Even the Giants Can Learn to Think Small
By JANET RAE-DUPREE
Published: NYT, August 3, 2008
By JANET RAE-DUPREE
Published: NYT, August 3, 2008
Some interesting thoughts.
BACK in the waning days of the 20th century, little start-up companies couldn’t wait to get big. Growth was their entree to the upper echelon, to millions in venture capital and tens of millions more in an initial public offering of stock. Getting big meant taking advantage of economies of scale, putting the company name on a ballpark, creating a global distribution network and hiring the industry’s best to conduct big-picture research.
Size mattered.
It still does, of course, but the tables have begun to turn. After spending decades growing and merging themselves into their behemoth proportions, big businesses are rediscovering the charms — and the innovative side effects — of thinking small. By breaking huge business units into smaller, nimbler teams, companies stand a chance of rekindling the creative spark that got them rolling in the first place. (As discussed below, companies must be ambidextrous –I agree smaller units are more accountable and have a clearer connection between what customers want and internal decision making. There are, however, parts of the corporate operation where scale plays an important role. You need both and must think through issues of centralization and decentralization carefully.)After all, “small is the new big,” as Seth Godin, a prolific blogger and author, puts it in his 2006 book of that name.
It is a point of view shared by a diverse group of business leaders, management consultants and information technology experts. According to Philip Rosedale, founder and chairman of Linden Lab, the company that created and operates the virtual world of Second Life, companies seeking to foster creativity must find ways to break apart the bureaucratic hierarchies now smothering it. Optimizing a company for creativity involves helping individual employees of every rank develop an entrepreneurial spirit. (Although I agree with the intent of this statement, as we discussed in an earlier posting, successful innovation companies must be ambidextrous – the combination of entrepreneurial attitudes and culture as well as being highly disciplined to get the offering out the door. Everyone cannot be an entrepreneur.)In Mr. Rosedale’s view, the most creative work environment is one where every employee, regardless of job title, has enough freedom to develop that sense of personal initiative.
“Most companies erroneously focus on competition and on differentiation from their competitors,” he contends. “The business opportunity lies in turning creativity into productivity.”
Decentralizing the hierarchy opens the door to creativity, giving workers the leeway they need to make significant decisions without first jumping through executive management hoops. “The idea,” he says, “is to enable a creative environment where there’s a good degree of experimentation.”
Optimizing a company for creativity also optimizes it for small-group collaboration. And that opens the door to new information technology that lets team members work cooperatively from anywhere on the planet. “That’s the revolution that’s making all of this possible,” Mr. Rosedale says.

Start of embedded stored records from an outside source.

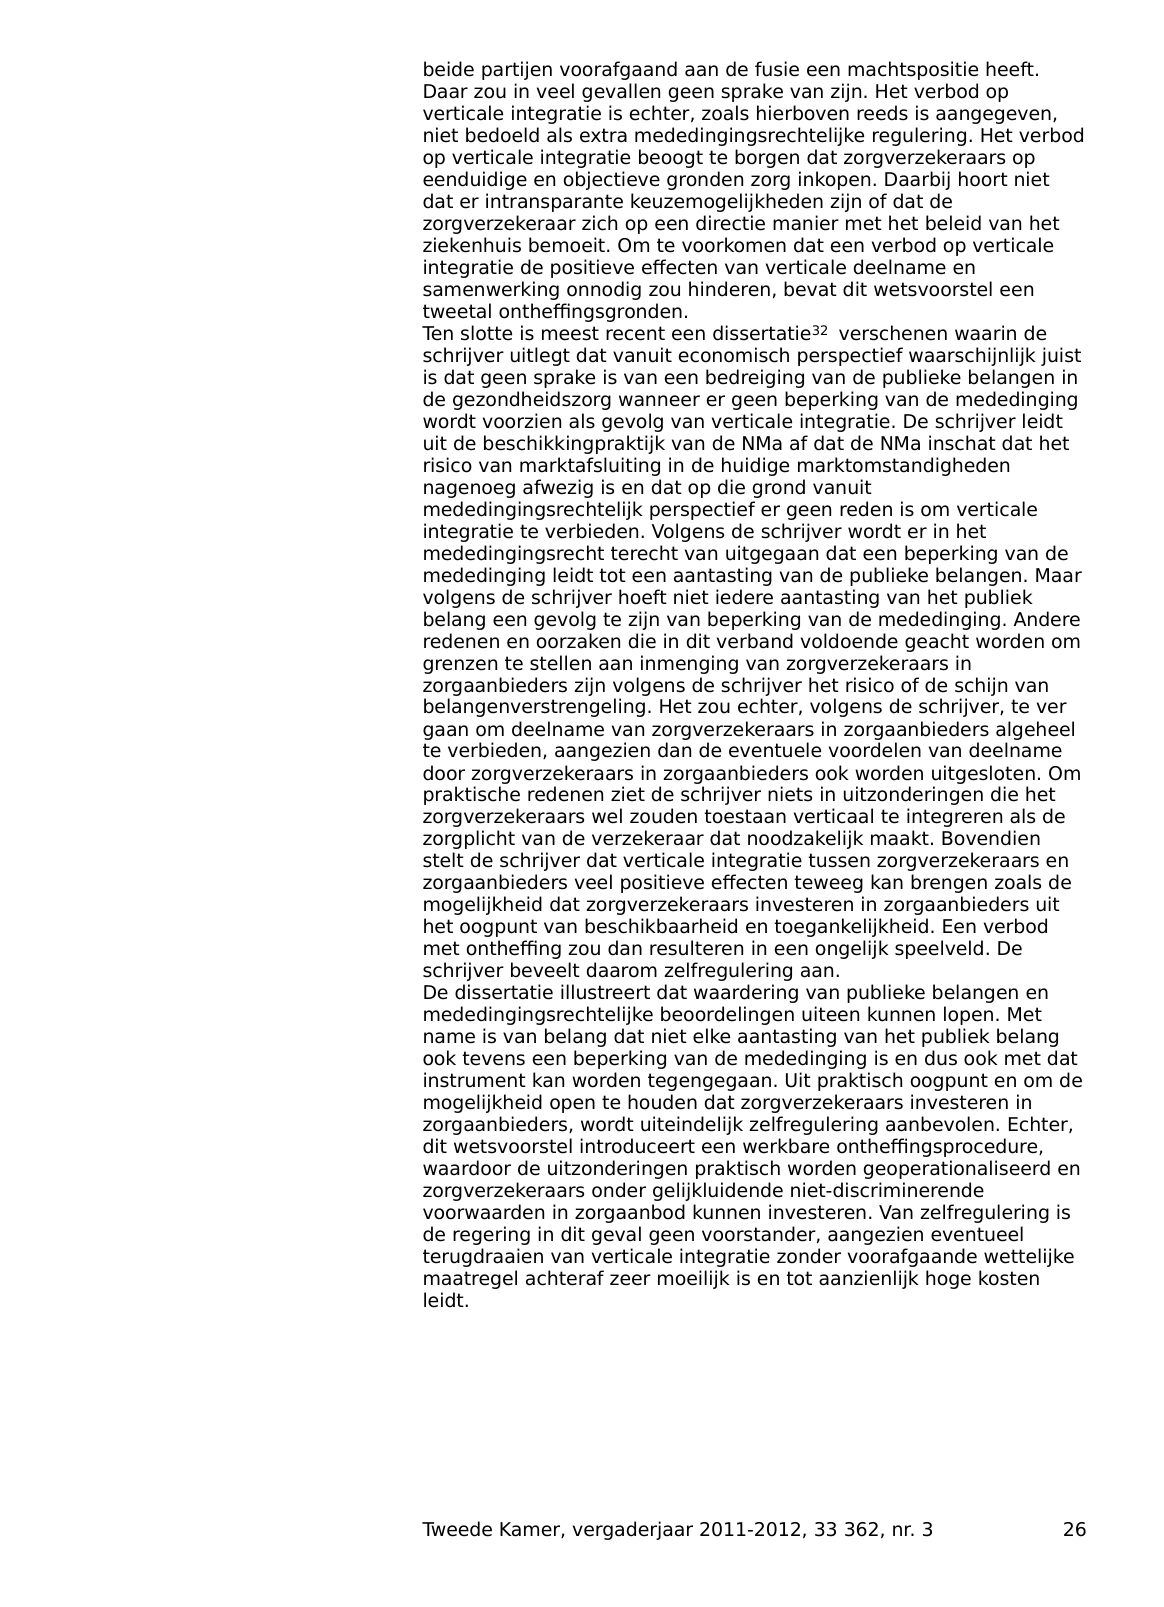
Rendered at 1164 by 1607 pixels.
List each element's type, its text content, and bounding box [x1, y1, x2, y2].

text Ten slotte is meest recent een dissertatie32 verschenen waarin de schrijver uitlegt dat vanuit economisch perspectief waarschijnlijk juist is dat geen sprake is van een bedreiging van de publieke belangen in de gezondheidszorg wanneer er geen beperking van de mededinging wordt voorzien als gevolg van verticale integratie. De schrijver leidt uit de beschikkingpraktijk van de NMa af dat de NMa inschat dat het risico van marktafsluiting in de huidige marktomstandigheden nagenoeg afwezig is en dat op die grond vanuit mededingingsrechtelijk perspectief er geen reden is om verticale integratie te verbieden. Volgens de schrijver wordt er in het mededingingsrecht terecht van uitgegaan dat een beperking van de mededinging leidt tot een aantasting van de publieke belangen. Maar volgens de schrijver hoeft niet iedere aantasting van het publiek belang een gevolg te zijn van beperking van de mededinging. Andere redenen en oorzaken die in dit verband voldoende geacht worden om grenzen te stellen aan inmenging van zorgverzekeraars in zorgaanbieders zijn volgens de schrijver het risico of de schijn van belangenverstrengeling. Het zou echter, volgens de schrijver, te ver gaan om deelname van zorgverzekeraars in zorgaanbieders algeheel te verbieden, aangezien dan de eventuele voordelen van deelname door zorgverzekeraars in zorgaanbieders ook worden uitgesloten. Om praktische redenen ziet de schrijver niets in uitzonderingen die het zorgverzekeraars wel zouden toestaan verticaal te integreren als de zorgplicht van de verzekeraar dat noodzakelijk maakt. Bovendien stelt de schrijver dat verticale integratie tussen zorgverzekeraars en zorgaanbieders veel positieve effecten teweeg kan brengen zoals de mogelijkheid dat zorgverzekeraars investeren in zorgaanbieders uit het oogpunt van beschikbaarheid en toegankelijkheid. Een verbod met ontheffing zou dan resulteren in een ongelijk speelveld. De schrijver beveelt daarom zelfregulering aan. [422, 323, 1087, 982]
text beide partijen voorafgaand aan de fusie een machtspositie heeft. Daar zou in veel gevallen geen sprake van zijn. Het verbod op verticale integratie is echter, zoals hierboven reeds is aangegeven, niet bedoeld als extra mededingingsrechtelijke regulering. Het verbod op verticale integratie beoogt te borgen dat zorgverzekeraars op eenduidige en objectieve gronden zorg inkopen. Daarbij hoort niet dat er intransparante keuzemogelijkheden zijn of dat de zorgverzekeraar zich op een directie manier met het beleid van het ziekenhuis bemoeit. Om te voorkomen dat een verbod op verticale integratie de positieve effecten van verticale deelname en samenwerking onnodig zou hinderen, bevat dit wetsvoorstel een tweetal ontheffingsgronden. [422, 59, 1087, 323]
text De dissertatie illustreert dat waardering van publieke belangen en mededingingsrechtelijke beoordelingen uiteen kunnen lopen. Met name is van belang dat niet elke aantasting van het publiek belang ook tevens een beperking van de mededinging is en dus ook met dat instrument kan worden tegengegaan. Uit praktisch oogpunt en om de mogelijkheid open te houden dat zorgverzekeraars investeren in zorgaanbieders, wordt uiteindelijk zelfregulering aanbevolen. Echter, dit wetsvoorstel introduceert een werkbare ontheffingsprocedure, waardoor de uitzonderingen praktisch worden geoperationaliseerd en zorgverzekeraars onder gelijkluidende niet-discriminerende voorwaarden in zorgaanbod kunnen investeren. Van zelfregulering is de regering in dit geval geen voorstander, aangezien eventueel terugdraaien van verticale integratie zonder voorafgaande wettelijke maatregel achteraf zeer moeilijk is en tot aanzienlijk hoge kosten leidt. [422, 982, 1087, 1312]
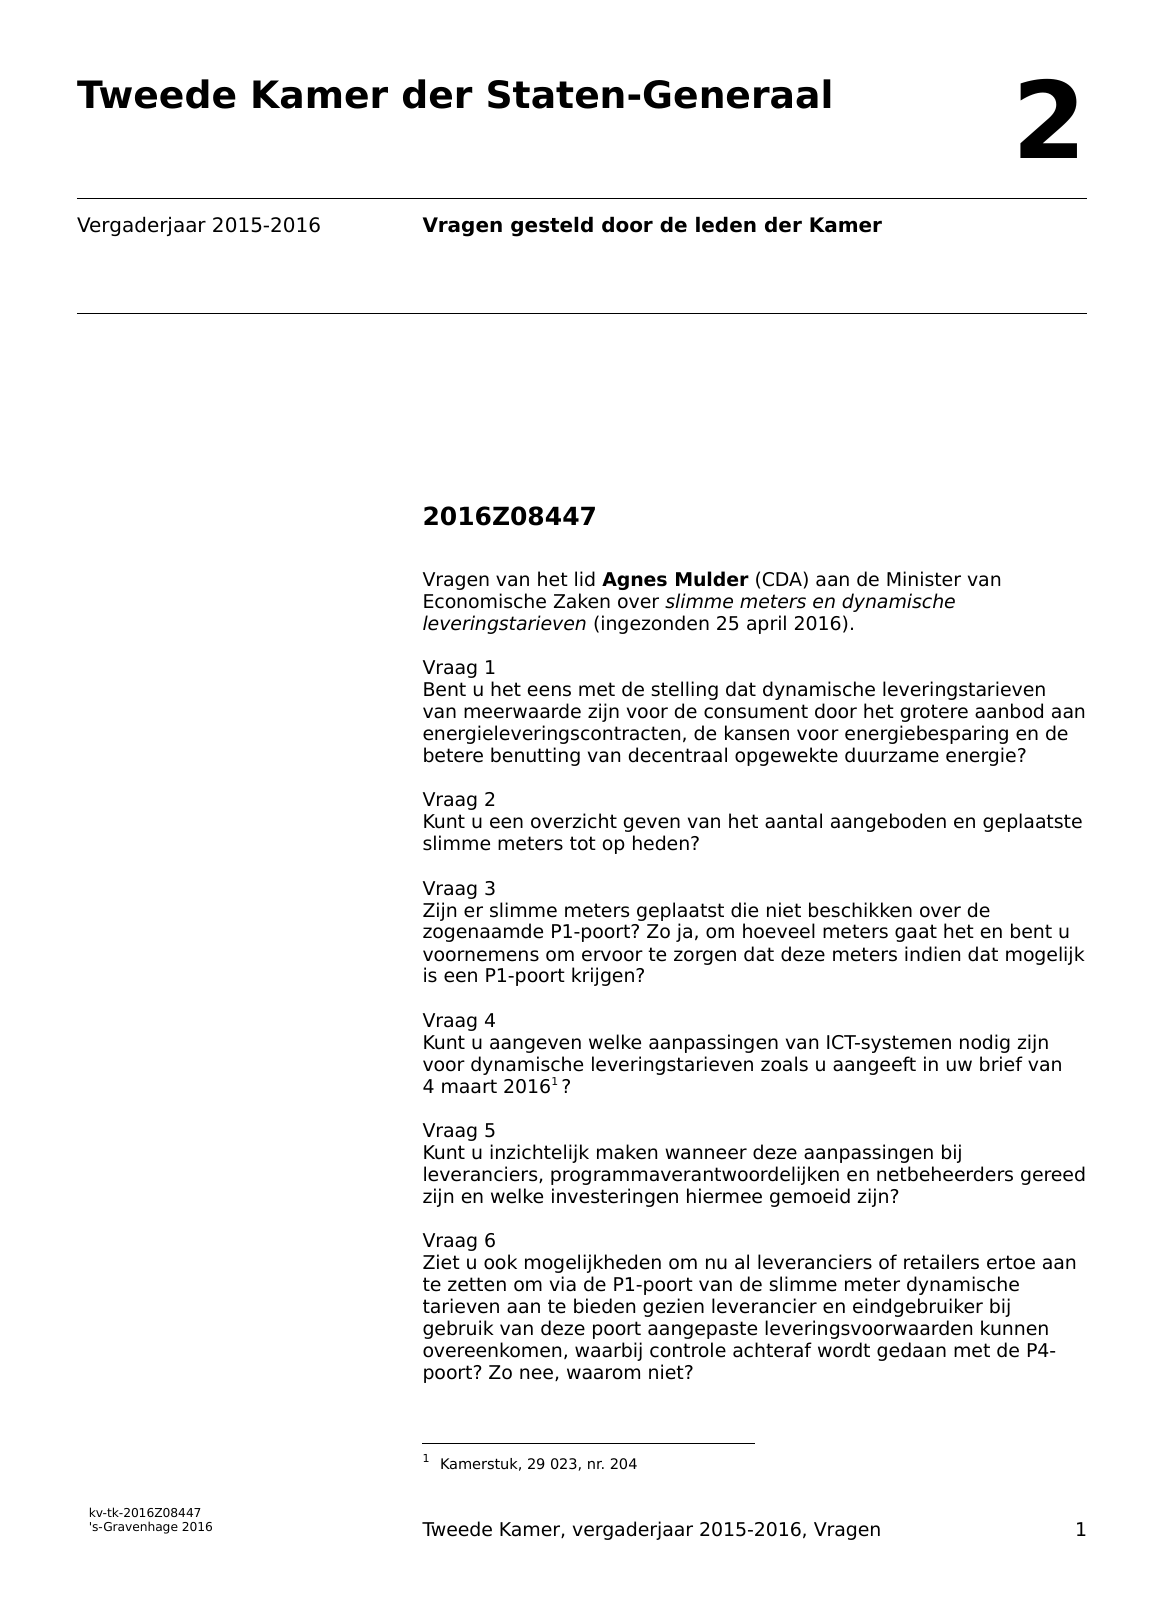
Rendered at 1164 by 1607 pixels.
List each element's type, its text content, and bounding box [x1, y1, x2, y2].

text Vraag 5 [422, 1120, 1087, 1142]
text Kunt u inzichtelijk maken wanneer deze aanpassingen bij leveranciers, programmaverantwoordelijken en netbeheerders gereed zijn en welke investeringen hiermee gemoeid zijn? [422, 1142, 1087, 1208]
text Vraag 3 [422, 877, 1087, 899]
text Vraag 2 [422, 789, 1087, 811]
text Kunt u aangeven welke aanpassingen van ICT-systemen nodig zijn voor dynamische leveringstarieven zoals u aangeeft in uw brief van 4 maart 2016? [422, 1032, 1087, 1097]
table_cell Vragen gesteld door de leden der Kamer [422, 199, 1087, 313]
text Zijn er slimme meters geplaatst die niet beschikken over de zogenaamde P1-poort? Zo ja, om hoeveel meters gaat het en bent u voornemens om ervoor te zorgen dat deze meters indien dat mogelijk is een P1-poort krijgen? [422, 899, 1087, 987]
text Vragen van het lid Agnes Mulder (CDA) aan de Minister van Economische Zaken over slimme meters en dynamische leveringstarieven (ingezonden 25 april 2016). [422, 569, 1087, 635]
table_header 2 [886, 59, 1087, 198]
text Kamerstuk, 29 023, nr. 204 [422, 1452, 1087, 1474]
text Ziet u ook mogelijkheden om nu al leveranciers of retailers ertoe aan te zetten om via de P1-poort van de slimme meter dynamische tarieven aan te bieden gezien leverancier en eindgebruiker bij gebruik van deze poort aangepaste leveringsvoorwaarden kunnen overeenkomen, waarbij controle achteraf wordt gedaan met de P4-poort? Zo nee, waarom niet? [422, 1252, 1087, 1384]
table_header Tweede Kamer der Staten-Generaal [77, 59, 886, 198]
text Bent u het eens met de stelling dat dynamische leveringstarieven van meerwaarde zijn voor de consument door het grotere aanbod aan energieleveringscontracten, de kansen voor energiebesparing en de betere benutting van decentraal opgewekte duurzame energie? [422, 679, 1087, 767]
text kv-tk-2016Z08447 [88, 1506, 323, 1520]
text Vraag 4 [422, 1009, 1087, 1032]
table_cell Vergaderjaar 2015-2016 [77, 199, 422, 313]
text Vraag 1 [422, 657, 1087, 679]
text 's-Gravenhage 2016 [88, 1520, 323, 1534]
text Kunt u een overzicht geven van het aantal aangeboden en geplaatste slimme meters tot op heden? [422, 811, 1087, 855]
text 2016Z08447 [422, 502, 1087, 531]
text Vraag 6 [422, 1230, 1087, 1252]
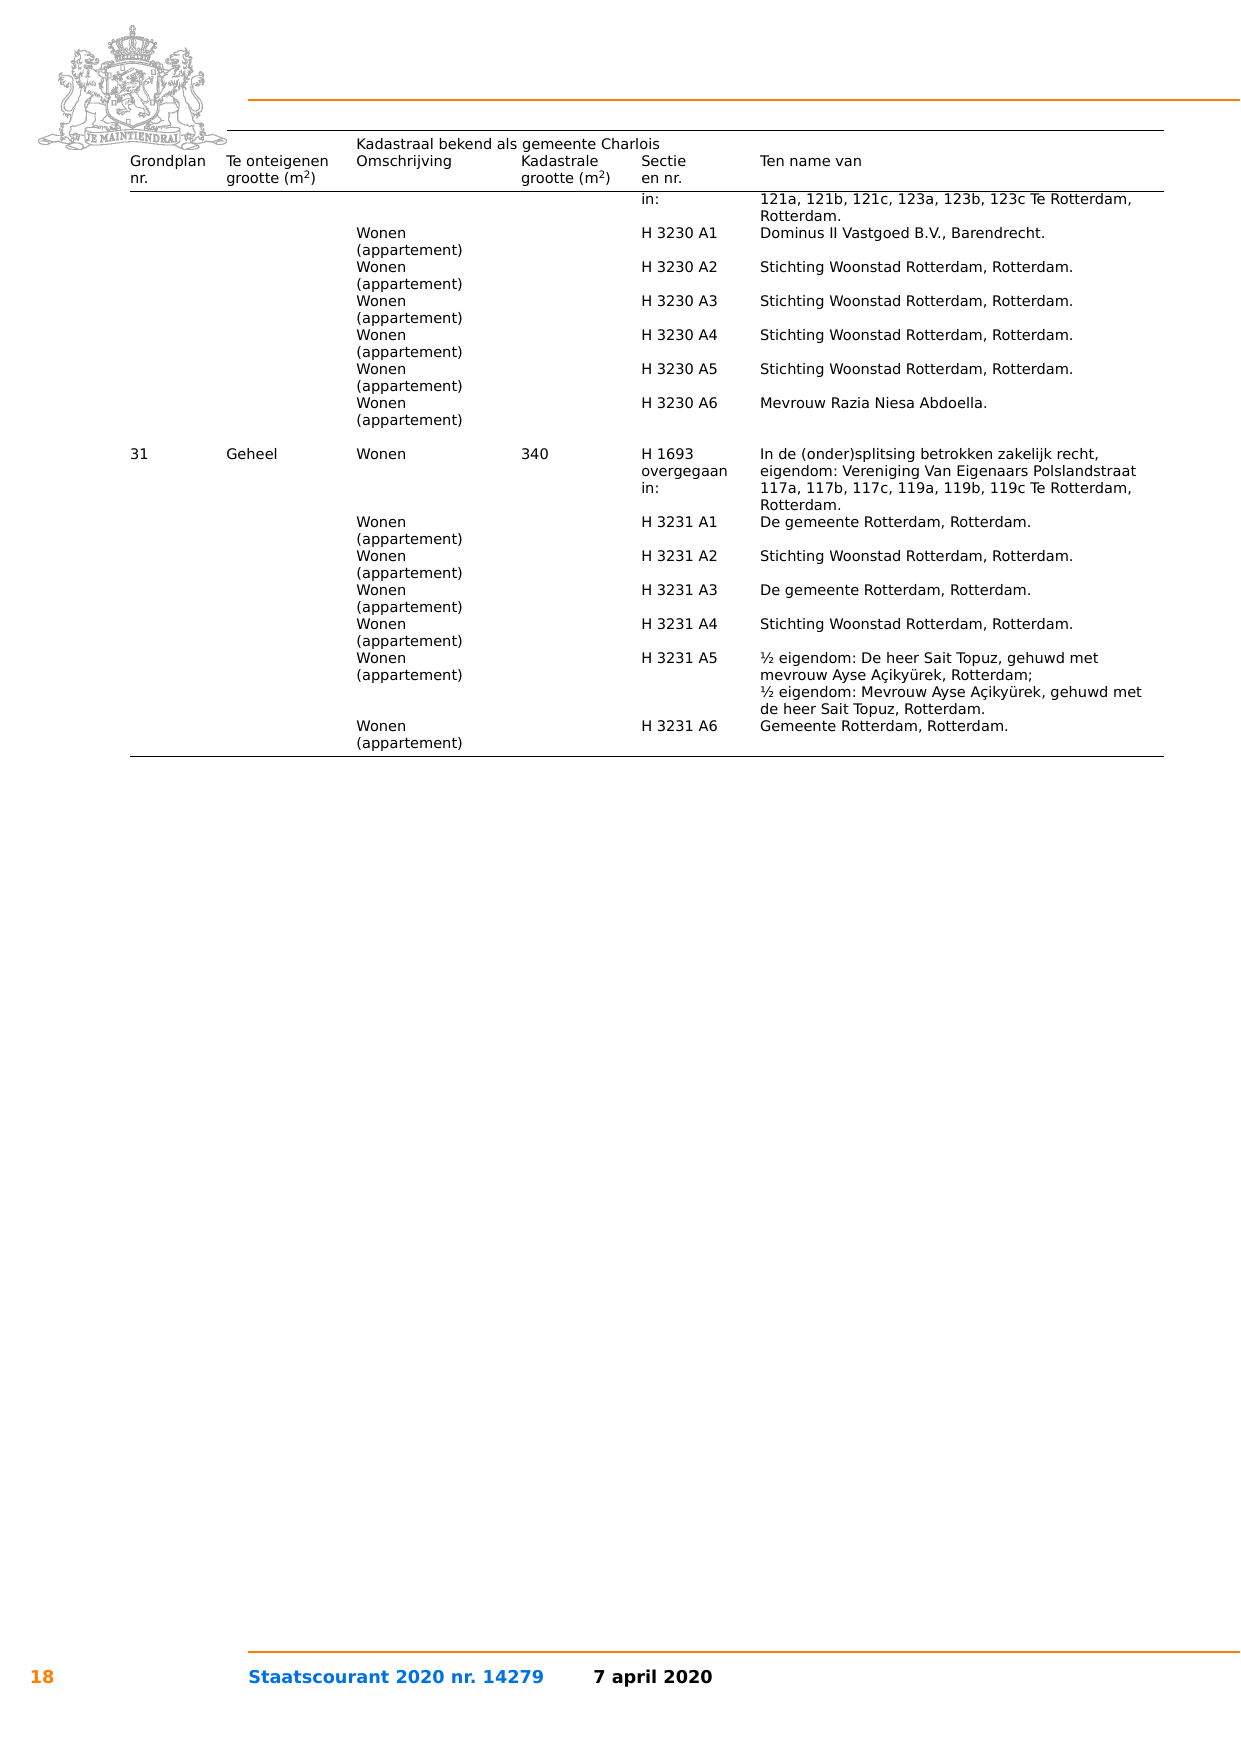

Thomas W. Malone, a professor at the Sloan School of Management at the Massachusetts Institute of Technology, agrees that new collaboration technologies are at the heart of the get-small movement. In “The Future of Work,” his 2004 book, he says the transformation will not come directly from the new technologies but from the desire of workers for “noneconomic goals” like freedom, personal satisfaction and fulfillment. “How much energy and creativity might be unlocked if all the members of an organization felt in control?” he writes.
Evidently, quite a bit. At Avocent, an information technology management company based in Huntsville, Ala., customers, product developers and testers had gotten to the point that they rarely interacted. Each group felt that it lost control of a project too early in its progress. So, in March 2007, the company revamped development so that members of all three groups would work on the same team, following a project from start to finish and making changes as needed. With customers, programmers and testers working virtually side by side, Avocent tripled production without adding workers.
By making sure products in development meet customer needs each step of the way, Avocent has been able to avoid spending weeks correcting errors in the final product, says Ben Grimes, chief technology officer. “That is the nirvana of working in global teams,” he says. “It breaks down the walls of isolation and streamlines collaboration. I don’t think innovation can occur without having that diversity in geography and experience.”
That desire for diversity can be part of the motivation for global mergers and acquisitions, which probably won’t abate as industries mature. But as smaller companies join ranks and become corporate behemoths, the merged companies very likely will try to maintain smaller, more creative units. Rather than a monolithic giant, tomorrow’s creative corporation will look more like a collection of smaller companies flying in close formation.
Mr. Rosedale reports that he has already seen similar developments within Second Life’s virtual businesses. In a way, he says, Second Life can be used as “a terrarium for looking at these changes.”
It is time for real-world executives to learn from their virtual counterparts, he says: “They’re going to figure out that they don’t need to control this from the top down. These companies will still get put together, but they’re only going to be connected at the balance sheet and at the level of finance. Information technology levels the playing field.”
Janet Rae-Dupree writes about science and emerging technology in Silicon Valley.